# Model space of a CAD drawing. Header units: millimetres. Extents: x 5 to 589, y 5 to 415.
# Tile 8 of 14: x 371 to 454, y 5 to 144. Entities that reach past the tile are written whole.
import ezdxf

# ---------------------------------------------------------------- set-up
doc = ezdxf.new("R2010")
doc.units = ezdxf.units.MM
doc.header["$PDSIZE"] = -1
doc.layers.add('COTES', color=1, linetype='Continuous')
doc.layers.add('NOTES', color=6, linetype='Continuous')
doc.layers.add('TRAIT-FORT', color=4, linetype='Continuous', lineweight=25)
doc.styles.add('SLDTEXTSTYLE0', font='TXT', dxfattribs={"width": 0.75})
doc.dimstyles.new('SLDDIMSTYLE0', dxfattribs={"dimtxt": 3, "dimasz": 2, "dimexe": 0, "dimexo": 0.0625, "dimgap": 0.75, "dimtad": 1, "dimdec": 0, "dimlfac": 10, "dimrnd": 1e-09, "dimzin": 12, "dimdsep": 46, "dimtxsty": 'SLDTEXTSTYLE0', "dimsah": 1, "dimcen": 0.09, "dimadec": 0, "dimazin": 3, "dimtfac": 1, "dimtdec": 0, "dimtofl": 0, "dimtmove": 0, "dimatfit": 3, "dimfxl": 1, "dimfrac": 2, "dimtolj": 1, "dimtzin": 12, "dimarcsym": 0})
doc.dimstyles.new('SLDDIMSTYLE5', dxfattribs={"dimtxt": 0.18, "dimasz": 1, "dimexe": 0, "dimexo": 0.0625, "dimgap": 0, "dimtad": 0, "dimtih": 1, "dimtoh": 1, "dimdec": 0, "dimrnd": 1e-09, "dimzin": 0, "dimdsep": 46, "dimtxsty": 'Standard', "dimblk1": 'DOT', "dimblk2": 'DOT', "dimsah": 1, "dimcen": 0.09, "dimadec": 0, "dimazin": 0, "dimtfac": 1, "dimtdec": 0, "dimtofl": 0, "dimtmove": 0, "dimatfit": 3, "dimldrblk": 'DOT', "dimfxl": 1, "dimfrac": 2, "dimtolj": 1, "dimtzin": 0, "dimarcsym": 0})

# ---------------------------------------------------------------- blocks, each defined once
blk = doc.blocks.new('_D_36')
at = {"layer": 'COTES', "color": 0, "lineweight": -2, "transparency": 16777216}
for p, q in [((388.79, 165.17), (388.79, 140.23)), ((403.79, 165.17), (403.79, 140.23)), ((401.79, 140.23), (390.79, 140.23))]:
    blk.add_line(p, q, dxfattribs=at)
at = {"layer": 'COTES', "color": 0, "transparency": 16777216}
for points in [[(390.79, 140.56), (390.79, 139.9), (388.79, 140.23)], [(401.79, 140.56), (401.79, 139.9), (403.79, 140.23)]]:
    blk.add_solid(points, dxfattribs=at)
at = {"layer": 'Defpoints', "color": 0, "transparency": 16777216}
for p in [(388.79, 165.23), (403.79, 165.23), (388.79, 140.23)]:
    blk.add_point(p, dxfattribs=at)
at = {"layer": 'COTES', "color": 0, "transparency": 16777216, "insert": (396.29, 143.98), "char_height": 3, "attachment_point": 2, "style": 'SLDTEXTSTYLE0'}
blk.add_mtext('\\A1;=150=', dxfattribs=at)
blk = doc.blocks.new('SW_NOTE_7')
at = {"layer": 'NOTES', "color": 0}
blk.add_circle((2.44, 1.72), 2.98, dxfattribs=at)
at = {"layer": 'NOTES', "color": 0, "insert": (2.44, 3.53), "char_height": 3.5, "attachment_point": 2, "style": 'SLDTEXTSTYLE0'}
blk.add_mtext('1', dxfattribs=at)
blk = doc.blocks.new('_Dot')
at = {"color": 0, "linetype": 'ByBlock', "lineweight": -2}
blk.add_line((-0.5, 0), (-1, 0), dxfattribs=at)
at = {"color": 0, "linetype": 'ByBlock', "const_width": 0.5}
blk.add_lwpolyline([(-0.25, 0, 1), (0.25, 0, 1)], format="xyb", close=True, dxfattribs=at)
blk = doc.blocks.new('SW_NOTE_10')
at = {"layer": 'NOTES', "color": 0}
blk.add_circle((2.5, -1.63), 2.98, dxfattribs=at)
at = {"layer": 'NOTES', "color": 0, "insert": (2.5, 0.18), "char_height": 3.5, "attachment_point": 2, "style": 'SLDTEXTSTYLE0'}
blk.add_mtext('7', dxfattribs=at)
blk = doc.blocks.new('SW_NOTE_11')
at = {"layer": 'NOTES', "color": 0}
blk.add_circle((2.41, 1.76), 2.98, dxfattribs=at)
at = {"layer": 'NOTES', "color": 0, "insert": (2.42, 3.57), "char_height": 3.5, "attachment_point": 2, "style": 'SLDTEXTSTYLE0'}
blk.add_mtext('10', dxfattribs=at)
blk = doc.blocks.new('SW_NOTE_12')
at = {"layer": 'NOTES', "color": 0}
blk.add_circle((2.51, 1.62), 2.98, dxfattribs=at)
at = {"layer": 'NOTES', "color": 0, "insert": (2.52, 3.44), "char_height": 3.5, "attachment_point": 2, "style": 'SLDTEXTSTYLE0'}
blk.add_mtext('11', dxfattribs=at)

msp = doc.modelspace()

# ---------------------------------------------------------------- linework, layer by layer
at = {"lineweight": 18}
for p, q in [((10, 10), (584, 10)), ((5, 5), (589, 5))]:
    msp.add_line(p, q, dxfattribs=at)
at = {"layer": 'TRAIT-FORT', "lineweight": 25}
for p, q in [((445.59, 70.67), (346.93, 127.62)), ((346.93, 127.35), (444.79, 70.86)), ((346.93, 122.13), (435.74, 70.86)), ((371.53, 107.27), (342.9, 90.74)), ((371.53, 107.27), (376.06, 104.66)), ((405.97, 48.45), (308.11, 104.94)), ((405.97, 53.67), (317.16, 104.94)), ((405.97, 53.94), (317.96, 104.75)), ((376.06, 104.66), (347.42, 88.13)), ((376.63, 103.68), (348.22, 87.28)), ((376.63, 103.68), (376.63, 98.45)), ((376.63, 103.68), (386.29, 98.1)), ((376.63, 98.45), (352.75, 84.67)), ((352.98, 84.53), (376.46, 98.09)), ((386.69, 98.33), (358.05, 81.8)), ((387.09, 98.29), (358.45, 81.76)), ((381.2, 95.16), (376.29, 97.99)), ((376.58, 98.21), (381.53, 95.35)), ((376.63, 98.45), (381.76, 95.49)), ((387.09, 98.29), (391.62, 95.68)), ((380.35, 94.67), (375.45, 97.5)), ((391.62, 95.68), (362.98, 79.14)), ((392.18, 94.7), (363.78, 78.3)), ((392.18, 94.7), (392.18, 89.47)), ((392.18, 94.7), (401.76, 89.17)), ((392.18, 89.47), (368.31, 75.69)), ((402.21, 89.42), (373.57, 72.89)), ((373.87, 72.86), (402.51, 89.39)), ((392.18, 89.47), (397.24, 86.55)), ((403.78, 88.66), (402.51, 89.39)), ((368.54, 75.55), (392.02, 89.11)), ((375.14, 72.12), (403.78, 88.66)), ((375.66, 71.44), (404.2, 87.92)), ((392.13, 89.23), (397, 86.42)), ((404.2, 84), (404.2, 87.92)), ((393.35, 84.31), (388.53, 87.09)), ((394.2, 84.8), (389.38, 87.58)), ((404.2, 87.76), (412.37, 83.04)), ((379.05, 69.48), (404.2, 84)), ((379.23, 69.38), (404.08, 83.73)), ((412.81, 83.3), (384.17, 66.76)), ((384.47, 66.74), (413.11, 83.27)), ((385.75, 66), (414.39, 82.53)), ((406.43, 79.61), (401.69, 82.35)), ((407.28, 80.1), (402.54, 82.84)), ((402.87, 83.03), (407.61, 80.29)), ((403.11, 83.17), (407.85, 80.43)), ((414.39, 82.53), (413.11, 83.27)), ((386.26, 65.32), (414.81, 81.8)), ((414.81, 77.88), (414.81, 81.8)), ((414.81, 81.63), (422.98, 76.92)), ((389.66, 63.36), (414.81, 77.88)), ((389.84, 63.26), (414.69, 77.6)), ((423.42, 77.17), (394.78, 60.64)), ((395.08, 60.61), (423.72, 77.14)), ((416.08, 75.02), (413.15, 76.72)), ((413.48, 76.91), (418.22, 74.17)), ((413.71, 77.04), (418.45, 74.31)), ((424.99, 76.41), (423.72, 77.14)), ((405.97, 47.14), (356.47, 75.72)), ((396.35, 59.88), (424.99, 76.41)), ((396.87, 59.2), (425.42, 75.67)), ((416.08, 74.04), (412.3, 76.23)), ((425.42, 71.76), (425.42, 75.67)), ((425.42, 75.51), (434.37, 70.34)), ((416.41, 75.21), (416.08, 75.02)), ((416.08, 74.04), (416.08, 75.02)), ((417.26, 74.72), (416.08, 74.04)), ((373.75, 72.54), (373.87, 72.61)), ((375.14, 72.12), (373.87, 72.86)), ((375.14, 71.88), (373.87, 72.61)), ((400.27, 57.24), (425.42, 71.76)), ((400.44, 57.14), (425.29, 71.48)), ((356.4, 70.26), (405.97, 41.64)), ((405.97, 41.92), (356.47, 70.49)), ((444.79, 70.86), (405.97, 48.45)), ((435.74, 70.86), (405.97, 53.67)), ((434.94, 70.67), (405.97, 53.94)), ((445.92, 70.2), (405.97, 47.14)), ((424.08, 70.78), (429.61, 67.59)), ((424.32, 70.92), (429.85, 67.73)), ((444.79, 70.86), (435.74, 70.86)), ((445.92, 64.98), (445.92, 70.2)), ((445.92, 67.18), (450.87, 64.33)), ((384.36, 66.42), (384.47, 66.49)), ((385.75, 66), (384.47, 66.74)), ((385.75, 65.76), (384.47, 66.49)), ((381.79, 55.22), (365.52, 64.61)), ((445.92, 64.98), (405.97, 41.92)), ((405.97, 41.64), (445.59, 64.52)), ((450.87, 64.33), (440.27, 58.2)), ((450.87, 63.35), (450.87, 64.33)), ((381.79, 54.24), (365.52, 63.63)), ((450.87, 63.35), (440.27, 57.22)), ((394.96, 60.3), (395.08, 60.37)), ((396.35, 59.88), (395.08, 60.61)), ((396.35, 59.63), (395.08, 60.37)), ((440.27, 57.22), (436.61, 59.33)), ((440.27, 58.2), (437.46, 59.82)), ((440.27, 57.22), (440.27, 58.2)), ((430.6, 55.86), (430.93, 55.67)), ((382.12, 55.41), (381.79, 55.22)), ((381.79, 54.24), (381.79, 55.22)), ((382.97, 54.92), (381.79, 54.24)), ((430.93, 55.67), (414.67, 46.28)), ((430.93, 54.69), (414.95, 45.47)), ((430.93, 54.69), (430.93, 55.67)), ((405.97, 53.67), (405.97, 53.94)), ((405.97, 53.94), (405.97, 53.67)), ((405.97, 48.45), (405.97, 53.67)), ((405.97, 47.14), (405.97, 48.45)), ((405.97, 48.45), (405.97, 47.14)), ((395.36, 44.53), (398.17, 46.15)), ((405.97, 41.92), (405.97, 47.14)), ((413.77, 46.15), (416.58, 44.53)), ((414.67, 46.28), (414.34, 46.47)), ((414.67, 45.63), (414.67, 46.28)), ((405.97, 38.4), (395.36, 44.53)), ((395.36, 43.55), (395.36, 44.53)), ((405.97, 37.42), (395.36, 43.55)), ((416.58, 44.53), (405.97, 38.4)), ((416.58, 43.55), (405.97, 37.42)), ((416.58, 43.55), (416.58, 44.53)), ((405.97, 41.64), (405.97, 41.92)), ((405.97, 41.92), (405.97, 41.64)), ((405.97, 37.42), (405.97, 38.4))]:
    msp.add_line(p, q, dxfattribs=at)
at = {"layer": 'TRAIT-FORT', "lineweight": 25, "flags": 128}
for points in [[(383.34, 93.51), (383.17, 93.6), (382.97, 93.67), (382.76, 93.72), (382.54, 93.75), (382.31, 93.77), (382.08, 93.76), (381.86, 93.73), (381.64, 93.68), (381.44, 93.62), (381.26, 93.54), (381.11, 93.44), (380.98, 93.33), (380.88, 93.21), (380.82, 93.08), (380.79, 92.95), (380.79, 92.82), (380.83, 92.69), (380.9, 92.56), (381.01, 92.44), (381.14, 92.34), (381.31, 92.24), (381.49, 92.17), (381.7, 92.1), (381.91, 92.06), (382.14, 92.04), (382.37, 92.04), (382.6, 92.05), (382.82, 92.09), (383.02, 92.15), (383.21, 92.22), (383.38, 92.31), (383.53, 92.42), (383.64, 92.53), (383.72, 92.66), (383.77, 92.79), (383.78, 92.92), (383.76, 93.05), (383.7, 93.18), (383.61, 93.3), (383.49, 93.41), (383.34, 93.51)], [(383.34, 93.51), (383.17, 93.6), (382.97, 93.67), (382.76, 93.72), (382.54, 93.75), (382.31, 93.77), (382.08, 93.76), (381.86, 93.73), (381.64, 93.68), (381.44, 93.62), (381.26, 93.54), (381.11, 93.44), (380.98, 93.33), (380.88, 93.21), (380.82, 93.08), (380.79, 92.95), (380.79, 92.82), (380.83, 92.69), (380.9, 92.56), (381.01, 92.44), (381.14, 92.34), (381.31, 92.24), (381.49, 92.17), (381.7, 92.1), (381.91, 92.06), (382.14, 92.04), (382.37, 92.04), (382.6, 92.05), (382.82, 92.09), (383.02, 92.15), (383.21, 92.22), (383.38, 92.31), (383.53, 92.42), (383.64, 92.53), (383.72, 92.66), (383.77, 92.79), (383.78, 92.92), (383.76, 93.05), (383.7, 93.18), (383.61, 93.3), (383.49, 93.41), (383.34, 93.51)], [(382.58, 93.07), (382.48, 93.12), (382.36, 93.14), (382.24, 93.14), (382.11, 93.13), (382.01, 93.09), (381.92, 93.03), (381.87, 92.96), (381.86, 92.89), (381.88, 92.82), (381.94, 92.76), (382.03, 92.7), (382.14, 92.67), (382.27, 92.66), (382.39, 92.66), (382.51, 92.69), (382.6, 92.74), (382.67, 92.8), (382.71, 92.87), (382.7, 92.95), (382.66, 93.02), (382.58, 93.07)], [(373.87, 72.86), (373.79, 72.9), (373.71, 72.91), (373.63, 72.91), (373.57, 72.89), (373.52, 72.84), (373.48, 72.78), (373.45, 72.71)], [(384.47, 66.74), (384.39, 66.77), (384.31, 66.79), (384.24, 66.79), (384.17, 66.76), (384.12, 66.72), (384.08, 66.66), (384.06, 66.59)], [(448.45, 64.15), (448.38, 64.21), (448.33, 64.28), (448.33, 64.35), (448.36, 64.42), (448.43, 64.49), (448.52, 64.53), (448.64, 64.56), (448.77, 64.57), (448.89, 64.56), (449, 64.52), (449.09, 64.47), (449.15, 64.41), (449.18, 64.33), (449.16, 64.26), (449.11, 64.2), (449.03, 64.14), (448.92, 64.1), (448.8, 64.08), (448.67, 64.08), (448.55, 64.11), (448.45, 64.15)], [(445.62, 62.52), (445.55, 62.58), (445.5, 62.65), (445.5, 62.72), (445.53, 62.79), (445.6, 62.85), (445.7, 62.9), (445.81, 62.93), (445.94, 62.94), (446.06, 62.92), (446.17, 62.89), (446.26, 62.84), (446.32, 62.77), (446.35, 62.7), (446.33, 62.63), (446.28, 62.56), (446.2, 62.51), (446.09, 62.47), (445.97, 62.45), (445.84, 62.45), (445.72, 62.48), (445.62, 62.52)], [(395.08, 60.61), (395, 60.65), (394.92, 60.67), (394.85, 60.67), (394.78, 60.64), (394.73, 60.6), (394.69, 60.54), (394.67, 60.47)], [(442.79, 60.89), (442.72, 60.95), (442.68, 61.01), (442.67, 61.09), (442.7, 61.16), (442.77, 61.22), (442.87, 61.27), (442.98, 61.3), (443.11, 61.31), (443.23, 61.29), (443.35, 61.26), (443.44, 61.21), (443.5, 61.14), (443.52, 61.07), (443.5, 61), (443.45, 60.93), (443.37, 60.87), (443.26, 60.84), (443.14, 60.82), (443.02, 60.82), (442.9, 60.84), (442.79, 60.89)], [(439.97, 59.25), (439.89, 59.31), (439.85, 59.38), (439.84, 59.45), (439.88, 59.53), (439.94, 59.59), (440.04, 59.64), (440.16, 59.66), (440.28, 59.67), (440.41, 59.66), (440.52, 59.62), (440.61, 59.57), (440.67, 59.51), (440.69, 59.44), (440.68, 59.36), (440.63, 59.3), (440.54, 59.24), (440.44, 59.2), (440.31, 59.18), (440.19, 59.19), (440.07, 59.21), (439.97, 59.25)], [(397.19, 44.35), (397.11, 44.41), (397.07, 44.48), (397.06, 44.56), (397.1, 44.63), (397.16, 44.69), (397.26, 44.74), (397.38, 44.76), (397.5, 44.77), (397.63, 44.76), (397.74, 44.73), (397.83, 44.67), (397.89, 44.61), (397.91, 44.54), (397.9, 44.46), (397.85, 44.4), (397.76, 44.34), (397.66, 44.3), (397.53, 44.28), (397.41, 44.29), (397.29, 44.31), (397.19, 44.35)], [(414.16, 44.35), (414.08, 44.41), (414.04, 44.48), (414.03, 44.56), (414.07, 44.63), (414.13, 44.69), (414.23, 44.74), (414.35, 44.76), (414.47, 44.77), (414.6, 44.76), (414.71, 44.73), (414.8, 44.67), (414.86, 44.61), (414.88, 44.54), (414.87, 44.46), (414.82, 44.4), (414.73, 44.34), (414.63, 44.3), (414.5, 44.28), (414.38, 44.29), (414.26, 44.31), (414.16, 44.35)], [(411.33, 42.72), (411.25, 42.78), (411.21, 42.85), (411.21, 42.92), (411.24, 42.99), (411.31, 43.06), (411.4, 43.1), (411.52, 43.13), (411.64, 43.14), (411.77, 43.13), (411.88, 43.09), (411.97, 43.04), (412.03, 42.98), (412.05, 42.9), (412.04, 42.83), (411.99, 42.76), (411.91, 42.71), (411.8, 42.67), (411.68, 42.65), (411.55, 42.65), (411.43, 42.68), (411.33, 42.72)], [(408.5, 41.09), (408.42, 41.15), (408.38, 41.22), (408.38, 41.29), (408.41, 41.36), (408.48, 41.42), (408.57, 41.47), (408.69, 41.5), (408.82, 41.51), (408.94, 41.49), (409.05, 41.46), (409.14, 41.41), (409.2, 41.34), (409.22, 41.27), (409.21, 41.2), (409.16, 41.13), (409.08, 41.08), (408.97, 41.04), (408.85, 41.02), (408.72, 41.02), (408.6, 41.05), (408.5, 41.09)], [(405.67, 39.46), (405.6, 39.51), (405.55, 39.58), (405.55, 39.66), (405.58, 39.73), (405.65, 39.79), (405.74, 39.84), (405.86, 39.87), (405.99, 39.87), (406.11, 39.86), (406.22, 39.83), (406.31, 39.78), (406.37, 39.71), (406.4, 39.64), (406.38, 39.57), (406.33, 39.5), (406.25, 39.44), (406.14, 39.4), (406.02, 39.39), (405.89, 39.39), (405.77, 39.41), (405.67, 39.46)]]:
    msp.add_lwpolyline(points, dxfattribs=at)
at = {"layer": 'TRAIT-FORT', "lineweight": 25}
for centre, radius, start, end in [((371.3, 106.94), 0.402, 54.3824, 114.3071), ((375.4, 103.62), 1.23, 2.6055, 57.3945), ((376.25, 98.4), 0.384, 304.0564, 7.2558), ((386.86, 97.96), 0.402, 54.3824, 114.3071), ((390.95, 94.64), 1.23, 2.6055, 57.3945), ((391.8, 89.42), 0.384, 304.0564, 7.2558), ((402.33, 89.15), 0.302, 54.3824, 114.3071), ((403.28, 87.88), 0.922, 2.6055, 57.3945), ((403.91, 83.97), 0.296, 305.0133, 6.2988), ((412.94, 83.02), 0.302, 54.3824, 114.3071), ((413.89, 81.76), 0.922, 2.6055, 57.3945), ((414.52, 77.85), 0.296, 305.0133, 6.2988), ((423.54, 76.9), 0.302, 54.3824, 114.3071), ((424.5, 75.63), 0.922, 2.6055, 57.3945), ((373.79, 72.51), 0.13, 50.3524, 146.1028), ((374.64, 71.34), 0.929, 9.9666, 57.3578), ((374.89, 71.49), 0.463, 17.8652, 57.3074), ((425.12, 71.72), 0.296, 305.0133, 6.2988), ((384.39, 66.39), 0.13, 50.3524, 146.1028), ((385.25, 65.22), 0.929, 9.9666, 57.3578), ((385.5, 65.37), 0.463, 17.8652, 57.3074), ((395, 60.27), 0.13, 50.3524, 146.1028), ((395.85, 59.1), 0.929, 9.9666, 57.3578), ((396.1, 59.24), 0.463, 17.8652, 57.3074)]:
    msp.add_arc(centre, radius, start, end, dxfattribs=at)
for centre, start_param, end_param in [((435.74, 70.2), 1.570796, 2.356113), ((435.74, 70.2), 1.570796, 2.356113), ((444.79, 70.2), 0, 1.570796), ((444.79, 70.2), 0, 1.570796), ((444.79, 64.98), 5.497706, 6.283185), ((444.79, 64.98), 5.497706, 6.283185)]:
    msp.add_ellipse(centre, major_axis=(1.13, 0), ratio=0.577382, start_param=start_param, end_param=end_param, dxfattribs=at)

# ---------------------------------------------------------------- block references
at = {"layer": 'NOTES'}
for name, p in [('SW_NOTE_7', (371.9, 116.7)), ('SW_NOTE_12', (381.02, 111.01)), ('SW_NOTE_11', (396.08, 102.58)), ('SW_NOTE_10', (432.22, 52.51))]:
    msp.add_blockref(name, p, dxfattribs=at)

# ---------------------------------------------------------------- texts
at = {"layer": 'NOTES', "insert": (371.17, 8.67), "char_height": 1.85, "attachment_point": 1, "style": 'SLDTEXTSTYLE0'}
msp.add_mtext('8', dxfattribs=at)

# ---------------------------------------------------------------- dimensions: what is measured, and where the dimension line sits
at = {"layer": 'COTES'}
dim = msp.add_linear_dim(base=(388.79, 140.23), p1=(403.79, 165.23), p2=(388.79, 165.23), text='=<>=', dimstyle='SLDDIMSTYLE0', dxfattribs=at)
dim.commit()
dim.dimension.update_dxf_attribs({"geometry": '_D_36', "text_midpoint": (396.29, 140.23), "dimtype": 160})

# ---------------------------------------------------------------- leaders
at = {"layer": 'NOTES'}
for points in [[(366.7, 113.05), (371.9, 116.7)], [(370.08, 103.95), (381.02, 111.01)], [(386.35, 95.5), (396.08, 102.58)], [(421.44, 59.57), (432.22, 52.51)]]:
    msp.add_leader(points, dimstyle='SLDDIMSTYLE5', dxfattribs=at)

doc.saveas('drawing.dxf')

> **ASSIGNMENT**:
How many lines in the listing above have the word "name" in them? Count them and give the number alone.

> **REPLY**:
2